--- INSTRUCTIONS TO FOLLOW ---
Your answer must be the full set of records, copied exactly, with no pictures in it.

-*-*-

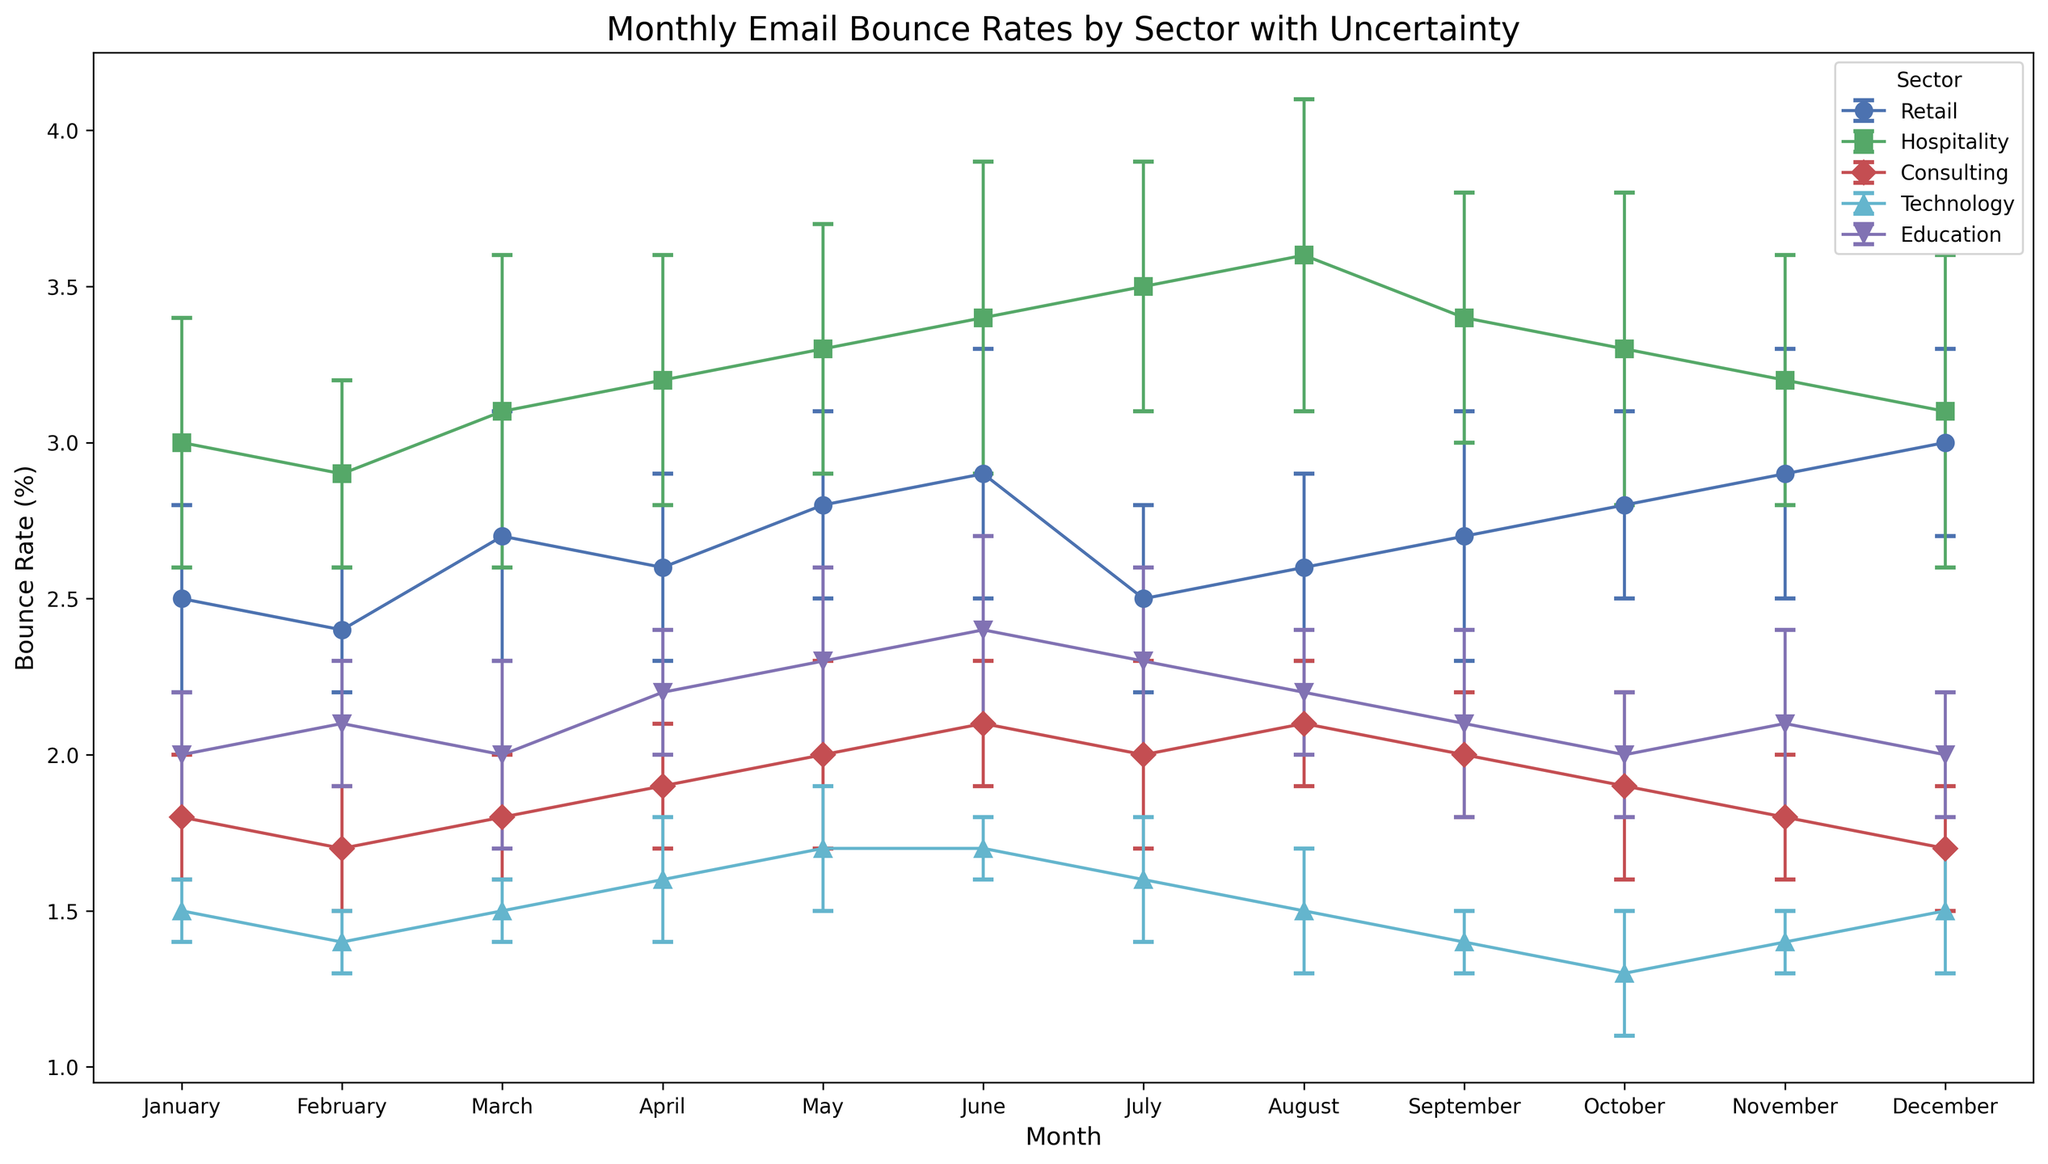What month has the highest bounce rate in the Retail sector? From the plot, we can observe the marker peaks for the Retail sector. By following the highest point, which is marked around December, we find that the bounce rate is the highest in December.
Answer: December Which sector has the highest bounce rate in July? By examining the July markers across all sectors on the figure, we see that the Hospitality sector has the highest marker around 3.5%. This suggests that Hospitality has the highest bounce rate in July.
Answer: Hospitality Compare the bounce rates of Consulting and Technology sectors in May. Which one is higher and by how much? Consulting in May has a bounce rate around 2.0, and Technology is around 1.7. Subtracting the Technology bounce rate from Consulting gives us 2.0 - 1.7 = 0.3. Therefore, Consulting is higher by 0.3.
Answer: Consulting by 0.3 What is the average bounce rate for the Education sector from January to June? Adding the bounce rates from January to June for Education (2.0, 2.1, 2.0, 2.2, 2.3, 2.4) gives us a total of: 2.0 + 2.1 + 2.0 + 2.2 + 2.3 + 2.4 = 13.0. Dividing by 6 (number of months) gives an average of: 13.0 / 6 ≈ 2.17.
Answer: 2.17 Is the bounce rate of Technology consistent throughout the year? Visually scanning the Technology sector line, we notice minor fluctuations around the average but it stays in the range of 1.3 - 1.7 throughout the months. Thus, it's relatively consistent with only small variations.
Answer: Yes Which sector has the least varying bounce rate throughout the year? By looking at the error bars (uncertainty) across all sectors, Consulting has the smallest error ranges, indicating the least variation in bounce rate throughout the year.
Answer: Consulting What is the difference in bounce rate between Retail and Hospitality in November? From the plot, Retail in November is around 2.9 and Hospitality is around 3.2. The difference is: 3.2 - 2.9 = 0.3.
Answer: 0.3 If the bounce rates in the Retail sector for April, May, and June were averaged, what would it be? Adding bounce rates for April (2.6), May (2.8), and June (2.9): 2.6 + 2.8 + 2.9 = 8.3. Dividing by 3 gives us: 8.3 / 3 ≈ 2.77.
Answer: 2.77 Which sector has the largest bounce rate in October and what is the rate? Checking October markers, Hospitality's marker is the highest around 3.3. Thus, Hospitality has the largest bounce rate in October, approximately 3.3.
Answer: Hospitality, 3.3 
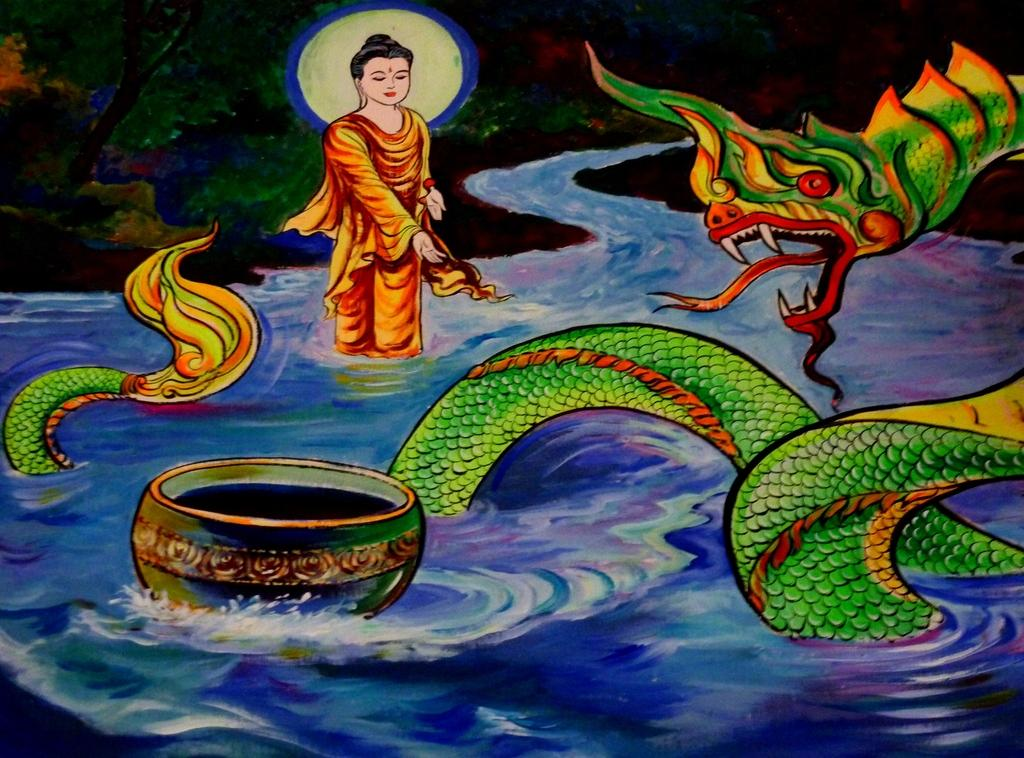What is the main subject of the image? There is a painting in the image. What elements are present in the painting? The painting contains a person, water, trees, and a snake. Where is the kettle located in the painting? There is no kettle present in the painting; it only contains a person, water, trees, and a snake. What direction is the sun facing in the painting? There is no sun present in the painting; it only contains a person, water, trees, and a snake. 
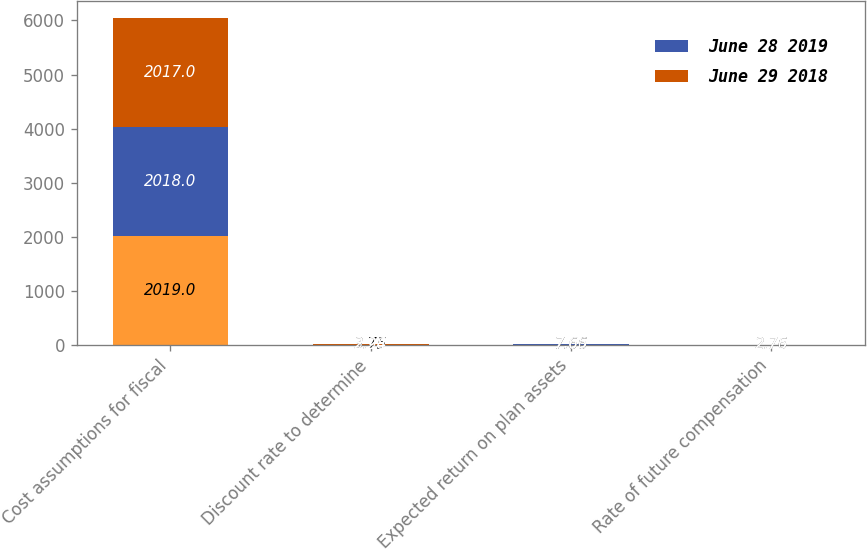Convert chart. <chart><loc_0><loc_0><loc_500><loc_500><stacked_bar_chart><ecel><fcel>Cost assumptions for fiscal<fcel>Discount rate to determine<fcel>Expected return on plan assets<fcel>Rate of future compensation<nl><fcel>nan<fcel>2019<fcel>3.75<fcel>7.66<fcel>2.76<nl><fcel>June 28 2019<fcel>2018<fcel>3.28<fcel>7.66<fcel>2.76<nl><fcel>June 29 2018<fcel>2017<fcel>2.94<fcel>7.65<fcel>2.75<nl></chart> 
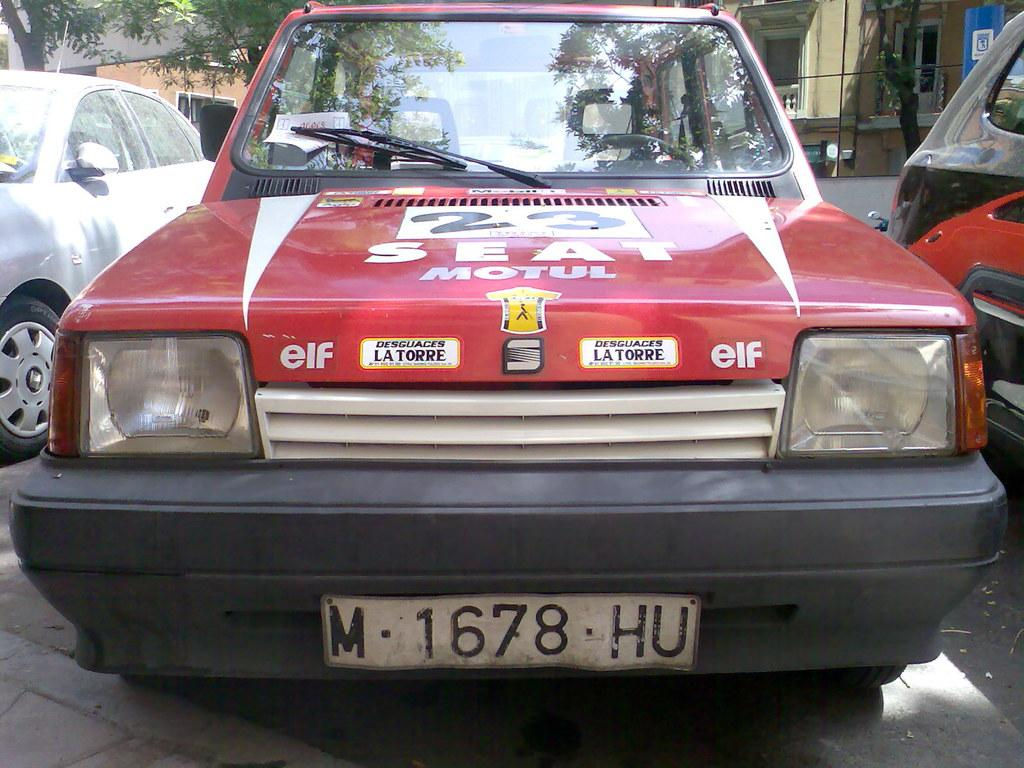What can be seen on the road in the image? There are cars on the road in the image. What is visible behind the cars? There are trees visible at the back of the cars. What type of structure is present in the image? There is a signboard in the image. What type of buildings can be seen in the image? There are buildings with windows in the image. Can you describe the unspecified objects in the image? Unfortunately, the provided facts do not specify the nature of the unspecified objects in the image. What type of cord is used to teach the cars how to drive in the image? There is no cord or teaching depicted in the image; it simply shows cars on the road with trees, a signboard, and buildings in the background.

-*-*-

--- EXERCISE OUTPUT ---
What month has the highest bounce rate in the Retail sector? From the plot, we can observe the marker peaks for the Retail sector. By following the highest point, which is marked around December, we find that the bounce rate is the highest in December.
Answer: December Which sector has the highest bounce rate in July? By examining the July markers across all sectors on the figure, we see that the Hospitality sector has the highest marker around 3.5%. This suggests that Hospitality has the highest bounce rate in July.
Answer: Hospitality Compare the bounce rates of Consulting and Technology sectors in May. Which one is higher and by how much? Consulting in May has a bounce rate around 2.0, and Technology is around 1.7. Subtracting the Technology bounce rate from Consulting gives us 2.0 - 1.7 = 0.3. Therefore, Consulting is higher by 0.3.
Answer: Consulting by 0.3 What is the average bounce rate for the Education sector from January to June? Adding the bounce rates from January to June for Education (2.0, 2.1, 2.0, 2.2, 2.3, 2.4) gives us a total of: 2.0 + 2.1 + 2.0 + 2.2 + 2.3 + 2.4 = 13.0. Dividing by 6 (number of months) gives an average of: 13.0 / 6 ≈ 2.17.
Answer: 2.17 Is the bounce rate of Technology consistent throughout the year? Visually scanning the Technology sector line, we notice minor fluctuations around the average but it stays in the range of 1.3 - 1.7 throughout the months. Thus, it's relatively consistent with only small variations.
Answer: Yes Which sector has the least varying bounce rate throughout the year? By looking at the error bars (uncertainty) across all sectors, Consulting has the smallest error ranges, indicating the least variation in bounce rate throughout the year.
Answer: Consulting What is the difference in bounce rate between Retail and Hospitality in November? From the plot, Retail in November is around 2.9 and Hospitality is around 3.2. The difference is: 3.2 - 2.9 = 0.3.
Answer: 0.3 If the bounce rates in the Retail sector for April, May, and June were averaged, what would it be? Adding bounce rates for April (2.6), May (2.8), and June (2.9): 2.6 + 2.8 + 2.9 = 8.3. Dividing by 3 gives us: 8.3 / 3 ≈ 2.77.
Answer: 2.77 Which sector has the largest bounce rate in October and what is the rate? Checking October markers, Hospitality's marker is the highest around 3.3. Thus, Hospitality has the largest bounce rate in October, approximately 3.3.
Answer: Hospitality, 3.3 
What is the main subject of the image? There is a painting in the image. What elements are present in the painting? The painting contains a person, water, trees, and a snake. Where is the kettle located in the painting? There is no kettle present in the painting; it only contains a person, water, trees, and a snake. What direction is the sun facing in the painting? There is no sun present in the painting; it only contains a person, water, trees, and a snake. 
Convert chart. <chart><loc_0><loc_0><loc_500><loc_500><stacked_bar_chart><ecel><fcel>Cost assumptions for fiscal<fcel>Discount rate to determine<fcel>Expected return on plan assets<fcel>Rate of future compensation<nl><fcel>nan<fcel>2019<fcel>3.75<fcel>7.66<fcel>2.76<nl><fcel>June 28 2019<fcel>2018<fcel>3.28<fcel>7.66<fcel>2.76<nl><fcel>June 29 2018<fcel>2017<fcel>2.94<fcel>7.65<fcel>2.75<nl></chart> 
What can be seen on the road in the image? There are cars on the road in the image. What is visible behind the cars? There are trees visible at the back of the cars. What type of structure is present in the image? There is a signboard in the image. What type of buildings can be seen in the image? There are buildings with windows in the image. Can you describe the unspecified objects in the image? Unfortunately, the provided facts do not specify the nature of the unspecified objects in the image. What type of cord is used to teach the cars how to drive in the image? There is no cord or teaching depicted in the image; it simply shows cars on the road with trees, a signboard, and buildings in the background.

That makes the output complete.